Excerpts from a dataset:
━━━
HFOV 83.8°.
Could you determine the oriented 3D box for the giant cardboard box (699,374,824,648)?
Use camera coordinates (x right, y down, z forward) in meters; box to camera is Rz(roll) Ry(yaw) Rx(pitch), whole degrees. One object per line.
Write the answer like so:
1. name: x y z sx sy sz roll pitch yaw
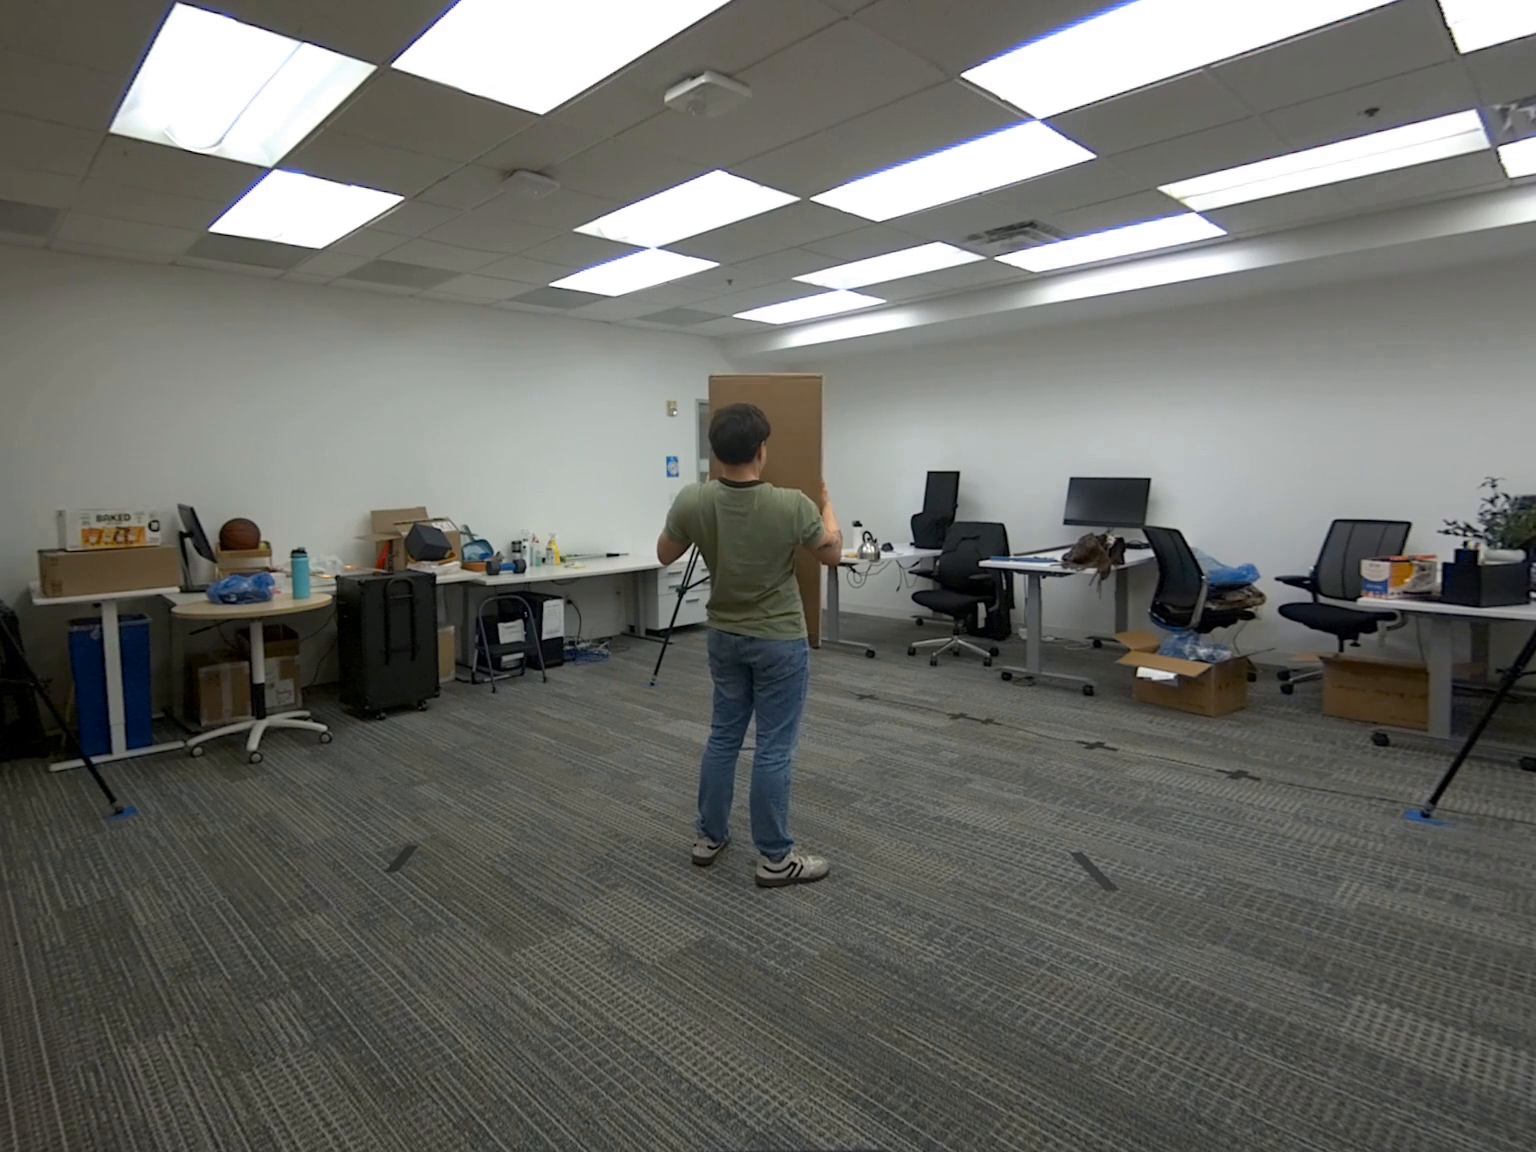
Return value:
━━━
# [Your goal]
Output only these lines, word for word: the line containing "Could you determine" and every line after it through the last line of the data. Omit the pictures.

# [Reply to the task]
Could you determine the oriented 3D box for the giant cardboard box (699,374,824,648)?
Use camera coordinates (x right, y down, z forward) in meters; box to camera is Rz(roll) Ry(yaw) Rx(pitch), whole degrees. One object per line.
Write the answer like so:
1. name: x y z sx sy sz roll pitch yaw
Return value:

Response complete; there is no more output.